If not done manually, this will be done automatically from inside the descriptor using a default method and default parameters.

We now create the descriptor, set verbose to True, and add filters to compute bond-orientational parameters only between type-B particles:

[18]:
from partycls.descriptors import BondOrientationalDescriptor

# Descriptor
D_bo = BondOrientationalDescriptor(traj, verbose=True)

# Filters
D_bo.add_filter("species == 'B'", group=0)
D_bo.add_filter("species == 'B'", group=1)

For this descriptor, the grid attribute is the set of orders \(\{ l_n \}\) used for the computation of the \(\{ q_l \}\):

[19]:
# Grid of orders
print('Grid of orders:\n', D_bo.grid)

# Use specific values instead
D_bo.orders = [4,6]
print('New grid of orders:\n', D_bo.grid)
Grid of orders:
 [1 2 3 4 5 6 7 8]
New grid of orders:
 [4 6]

We now compute the descriptor:

[20]:
# Compute the structural features
X_bo = D_bo.compute()
Computing bo descriptor: 100%|████████████████████████████████████████████| 1/1 [00:00<00:00, 126.21it/s]
Warning: found 2 NaN sample(s) in the array of features.

In addition to the progress bar, the verbose attribute can tell us about some things happening during the computation. Here, we see a printed message regarding NaN elements: this can happen to some descriptors under certain conditions.

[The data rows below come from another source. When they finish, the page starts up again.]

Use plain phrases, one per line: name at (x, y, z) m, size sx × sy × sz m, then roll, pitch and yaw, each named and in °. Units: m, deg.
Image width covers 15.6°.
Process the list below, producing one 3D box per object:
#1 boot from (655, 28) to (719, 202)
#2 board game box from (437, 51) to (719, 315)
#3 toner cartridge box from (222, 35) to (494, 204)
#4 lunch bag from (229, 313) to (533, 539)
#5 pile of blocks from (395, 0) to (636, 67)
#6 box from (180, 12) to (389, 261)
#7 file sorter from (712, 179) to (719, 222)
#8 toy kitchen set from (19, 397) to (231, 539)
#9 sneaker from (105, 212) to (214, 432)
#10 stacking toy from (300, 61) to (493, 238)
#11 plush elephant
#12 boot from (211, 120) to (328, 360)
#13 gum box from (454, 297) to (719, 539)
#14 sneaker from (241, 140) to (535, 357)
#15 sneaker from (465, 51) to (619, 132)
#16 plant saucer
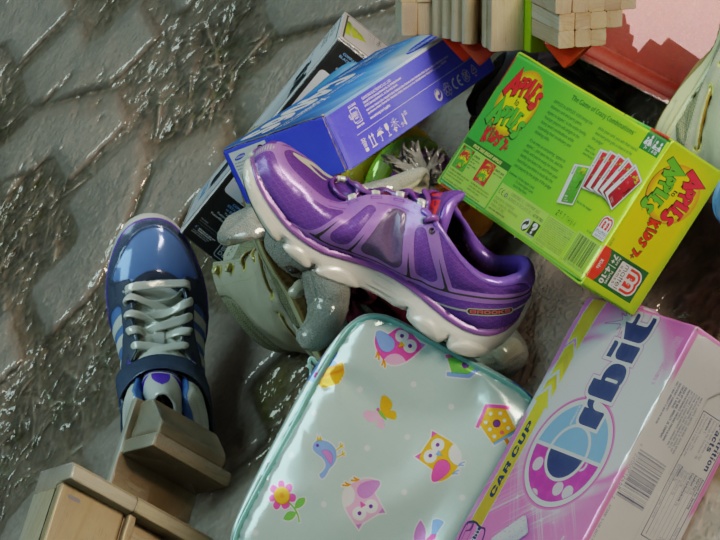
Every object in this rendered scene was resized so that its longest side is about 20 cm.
boot at (0.266, -0.114, 1.593) m, size 0.200 × 0.072 × 0.155 m, roll -60°, pitch 27°, yaw 14°
board game box at (0.133, -0.057, 1.641) m, size 0.102 × 0.048 × 0.200 m, roll -57°, pitch 31°, yaw 4°
toner cartridge box at (0.001, -0.111, 1.806) m, size 0.095 × 0.043 × 0.200 m, roll -15°, pitch 14°, yaw 38°
lunch bag at (0.016, 0.133, 1.669) m, size 0.200 × 0.160 × 0.077 m, roll -60°, pitch -14°, yaw -6°
pile of blocks at (0.100, -0.169, 1.769) m, size 0.200 × 0.082 × 0.062 m, roll 17°, pitch 113°, yaw 44°
box at (-0.053, -0.100, 2.056) m, size 0.200 × 0.060 × 0.117 m, roll -50°, pitch 8°, yaw 14°
file sorter at (0.297, -0.013, 1.418) m, size 0.139 × 0.123 × 0.200 m, roll -50°, pitch 30°, yaw 12°
toy kitchen set at (-0.089, 0.161, 1.757) m, size 0.180 × 0.200 × 0.164 m, roll -20°, pitch 47°, yaw 48°
sneaker at (-0.146, 0.060, 1.983) m, size 0.146 × 0.080 × 0.201 m, roll -160°, pitch 69°, yaw -79°
stacking toy at (0.033, -0.061, 1.905) m, size 0.116 × 0.110 × 0.200 m, roll -46°, pitch 39°, yaw -15°
plush elephant at (0.000, 0.000, 1.768) m, size 0.164 × 0.154 × 0.201 m, roll -19°, pitch 72°, yaw 45°
boot at (-0.063, -0.019, 1.917) m, size 0.072 × 0.201 × 0.155 m, roll -29°, pitch 19°, yaw -20°
gum box at (0.148, 0.114, 1.578) m, size 0.113 × 0.066 × 0.200 m, roll 18°, pitch 77°, yaw 58°
sneaker at (0.021, -0.030, 1.643) m, size 0.084 × 0.200 × 0.081 m, roll -58°, pitch 6°, yaw 29°
sneaker at (0.120, -0.101, 1.835) m, size 0.115 × 0.075 × 0.200 m, roll -42°, pitch 22°, yaw 34°
plant saucer at (0.215, -0.215, 1.764) m, size 0.200 × 0.037 × 0.200 m, roll 32°, pitch 90°, yaw 38°
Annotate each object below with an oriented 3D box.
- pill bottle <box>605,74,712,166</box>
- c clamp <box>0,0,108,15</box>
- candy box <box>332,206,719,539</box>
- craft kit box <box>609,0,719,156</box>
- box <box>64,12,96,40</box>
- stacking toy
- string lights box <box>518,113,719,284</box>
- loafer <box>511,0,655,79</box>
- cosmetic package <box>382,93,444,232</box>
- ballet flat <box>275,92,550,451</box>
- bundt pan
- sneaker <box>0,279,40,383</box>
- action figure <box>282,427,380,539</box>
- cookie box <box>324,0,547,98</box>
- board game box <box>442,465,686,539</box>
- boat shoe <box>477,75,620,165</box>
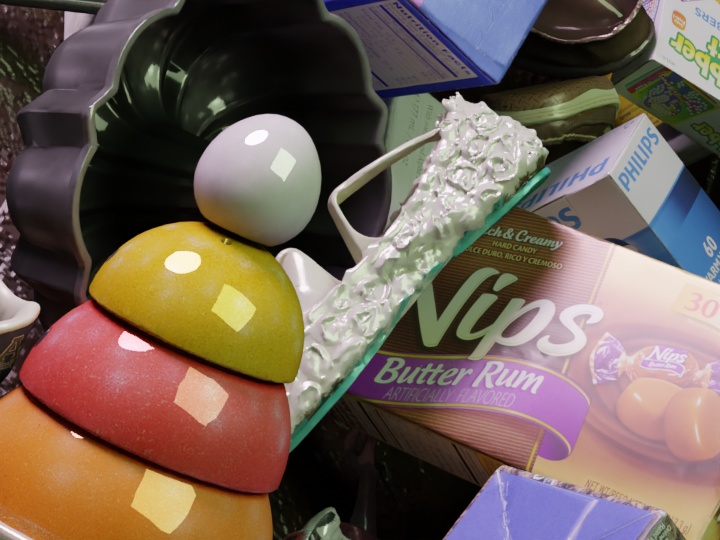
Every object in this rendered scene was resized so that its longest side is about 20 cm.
[{"bbox_3d":[0.175,-0.166,1.474,0.114,0.114,0.200,-21,82,-54],"label":"pill bottle"},{"bbox_3d":[-0.124,-0.188,1.159,0.200,0.027,0.171,0,63,-22],"label":"c clamp"},{"bbox_3d":[0.093,0.046,1.073,0.117,0.200,0.056,-57,150,-16],"label":"candy box"},{"bbox_3d":[0.243,-0.143,1.410,0.200,0.049,0.198,28,56,-23],"label":"craft kit box"},{"bbox_3d":[-0.117,-0.129,1.166,0.041,0.039,0.200,23,48,-36],"label":"box"},{"bbox_3d":[-0.069,0.032,0.945,0.146,0.146,0.200,23,93,-39],"label":"stacking toy"},{"bbox_3d":[0.151,0.033,1.177,0.200,0.103,0.059,51,42,-14],"label":"string lights box"},{"bbox_3d":[0.071,-0.174,1.323,0.200,0.071,0.073,31,62,18],"label":"loafer"},{"bbox_3d":[0.058,0.008,1.237,0.200,0.081,0.113,34,45,-29],"label":"cosmetic package"},{"bbox_3d":[0.000,0.000,1.056,0.200,0.072,0.072,-47,105,-18],"label":"ballet flat"},{"bbox_3d":[-0.078,-0.035,1.064,0.202,0.076,0.202,-13,106,-49],"label":"bundt pan"},{"bbox_3d":[-0.199,-0.034,0.957,0.200,0.090,0.067,56,36,-4],"label":"sneaker"},{"bbox_3d":[0.031,0.166,1.107,0.200,0.149,0.134,19,7,-23],"label":"action figure"},{"bbox_3d":[0.032,-0.172,1.188,0.075,0.200,0.171,38,72,-24],"label":"cookie box"},{"bbox_3d":[0.089,0.207,0.965,0.159,0.097,0.200,-51,123,-21],"label":"board game box"},{"bbox_3d":[0.111,-0.063,1.316,0.202,0.075,0.075,-11,92,-77],"label":"boat shoe"}]

Here, two type-B particles did not have any other type-B particle as nearest neighbor, making the computation of the \(\{ q_l \}\) impossible. These data points can be removed from the dataset using the discard_nans() method:

[21]:
# Filter out NaN elements
X_bo_clean = D_bo.discard_nans()

# Size of the original and filtered datasets
print("Number of samples (unfiltered):", X_bo.shape[0])
print("Number of samples (filtered):", X_bo_clean.shape[0])
Warning: discarding 2 NaN samples from the array of features.
Number of samples (unfiltered): 500
Number of samples (filtered): 498

The accept_nans property allows to directly filter out NaN elements when computing the descriptor. This can be set directly when instantiating the descriptor, or after its computation:

[22]:
D_bo.accept_nans = False

# Size of the array of features
print("\nNumber of samples:", D_bo.features.shape[0])
Warning: found 2 NaN sample(s) in the array of features.
Warning: discarding 2 NaN samples from the array of features.

Number of samples: 498

Warning

This property overwrites the features attribute if the descriptor was already computed. Use discard_nans() instead to return a filtered copy of the dataset, and keep the NaN elements in features.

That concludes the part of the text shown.